How to Mitigate CVE-2026-42154
Immediate Actions Required
- Upgrade Prometheus to version 3.5.3 or 3.11.3 or later, depending on the deployed release branch.
- Restrict network access to /api/v1/read using firewall rules, network policies, or reverse proxy ACLs so only trusted clients can reach the endpoint.
- Place authentication and rate limiting in front of Prometheus through a reverse proxy such as NGINX, Envoy, or an API gateway.
Patch Information
The Prometheus maintainers patched this issue in v3.5.3 and v3.11.3. The fixes validate the declared snappy decoded length and bound buffer allocation in the remote read handler. Review the changes in Pull Request #18584 and Pull Request #18585 before deploying.
Workarounds
- Disable or block the /api/v1/read endpoint at the reverse proxy layer if remote read functionality is not required.
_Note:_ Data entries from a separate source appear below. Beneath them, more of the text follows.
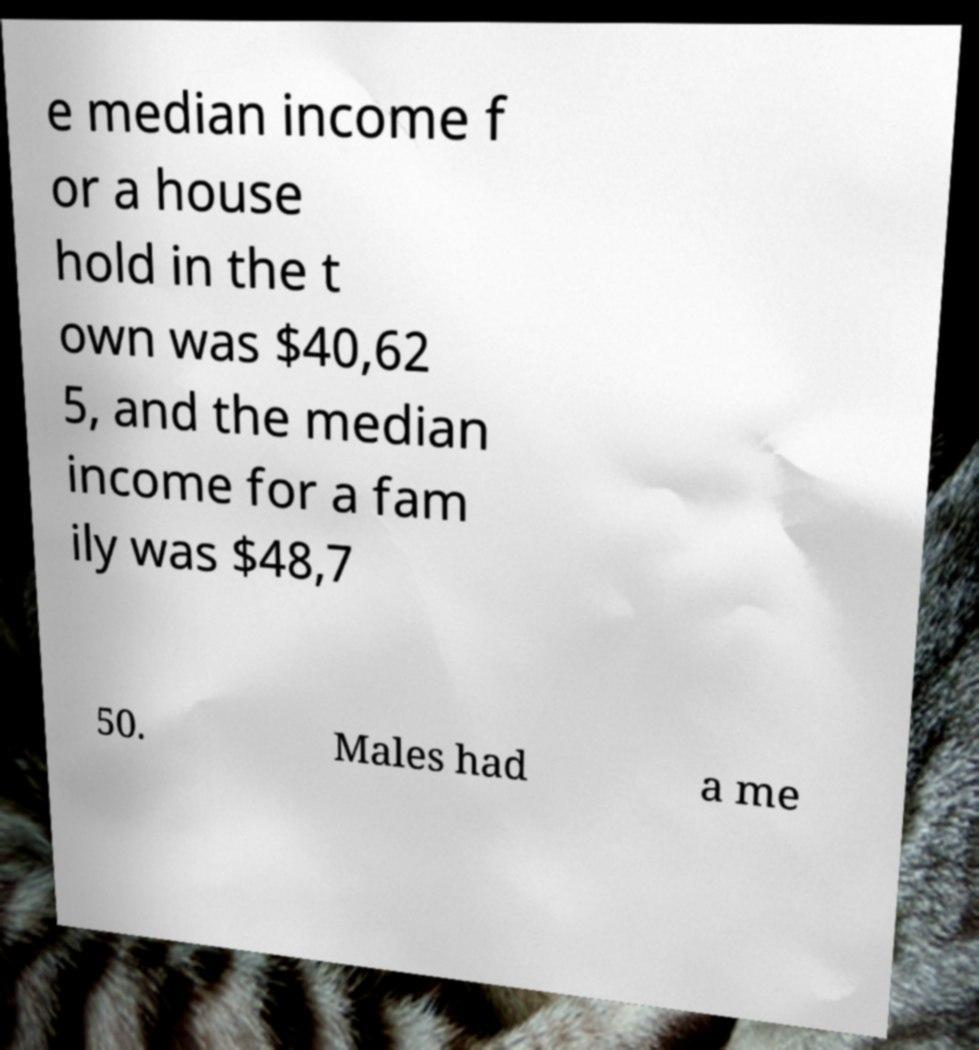Can you read and provide the text displayed in the image?This photo seems to have some interesting text. Can you extract and type it out for me? e median income f or a house hold in the t own was $40,62 5, and the median income for a fam ily was $48,7 50. Males had a me 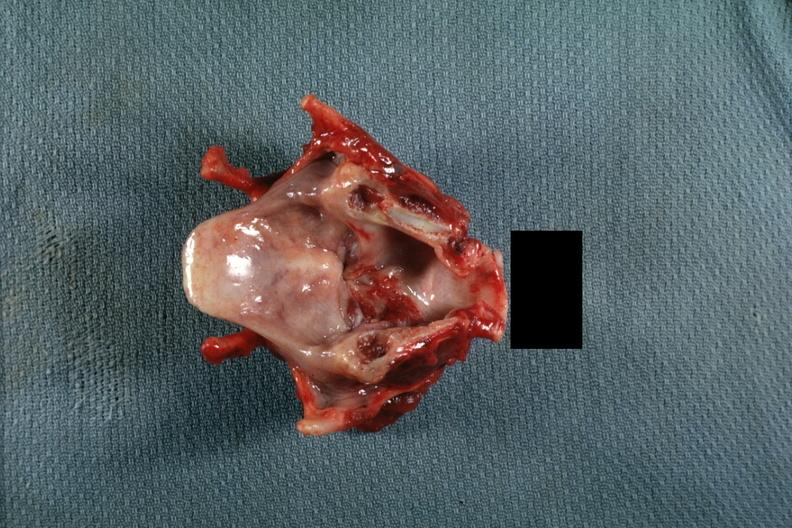s carcinoma present?
Answer the question using a single word or phrase. Yes 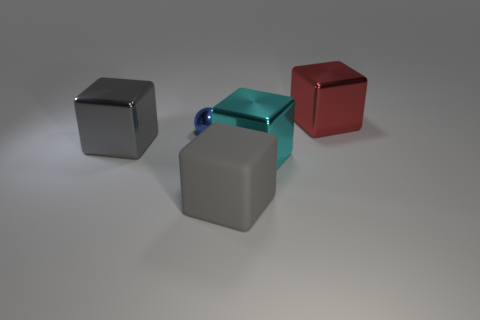Do the metal block to the left of the large cyan cube and the big rubber block have the same color?
Your response must be concise. Yes. There is a metal thing that is the same color as the rubber object; what size is it?
Keep it short and to the point. Large. What material is the gray block that is on the right side of the big shiny object on the left side of the cyan thing?
Give a very brief answer. Rubber. Are there any large red things behind the blue ball?
Give a very brief answer. Yes. Are there more small shiny spheres that are behind the blue sphere than big green blocks?
Ensure brevity in your answer.  No. Is there a metallic block of the same color as the tiny metallic object?
Make the answer very short. No. There is a rubber thing that is the same size as the gray shiny object; what color is it?
Provide a short and direct response. Gray. Are there any big cyan things to the left of the large gray cube behind the gray matte cube?
Keep it short and to the point. No. What is the big gray cube that is to the right of the gray metal cube made of?
Keep it short and to the point. Rubber. Is the gray cube on the right side of the big gray shiny cube made of the same material as the large cube left of the tiny shiny object?
Your response must be concise. No. 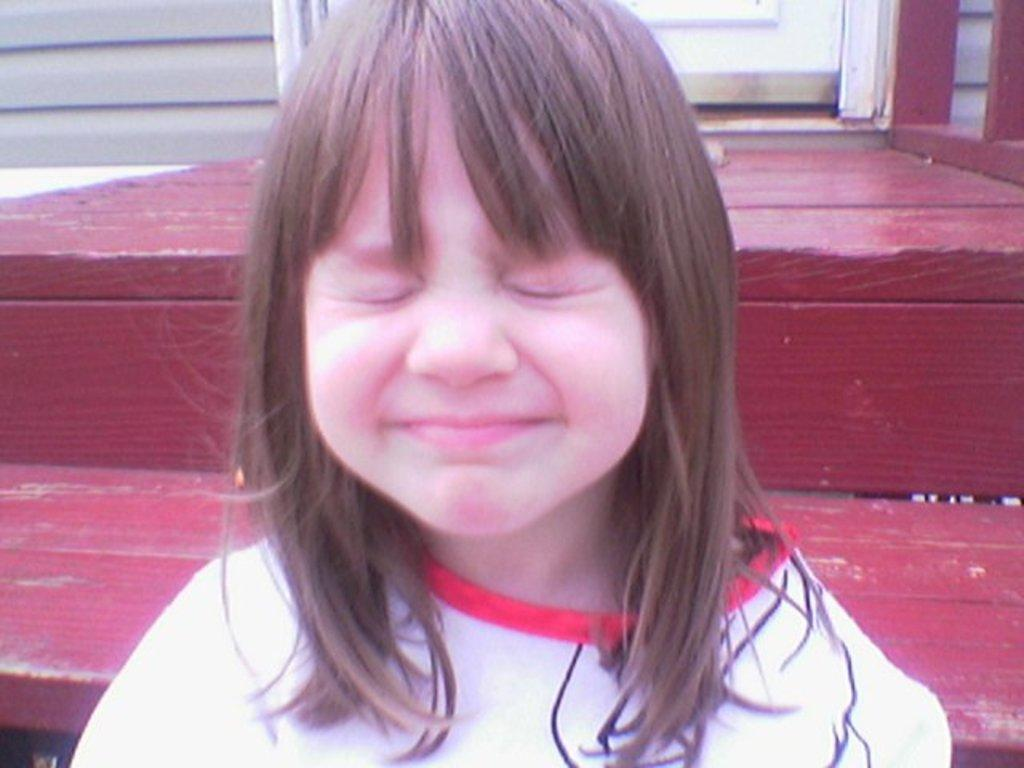What is the main subject of the image? There is a child in the image. What is the child doing in the image? The child is smiling in the image. What is the child's facial expression in the image? The child has closed her eyes in the image. What can be seen in the background of the image? There is a door visible in the background of the image. What book is the child reading in the image? There is no book present in the image, and the child is not reading.

- Enforce per-client request body size limits and connection rate limits at the proxy to reduce amplification potential.
- Run Prometheus with constrained memory limits via cgroups or container resource limits to contain impact and trigger faster recovery.
# Example NGINX reverse proxy snippet to block /api/v1/read and cap body size
location = /api/v1/read {
return 403;
}
client_max_body_size 1m;
limit_req_zone $binary_remote_addr zone=prom:10m rate=10r/s;
location /api/ {
limit_req zone=prom burst=20 nodelay;
proxy_pass http://prometheus_upstream;
}
Disclaimer: This content was generated using AI. While we strive for accuracy, please verify critical information with official sources.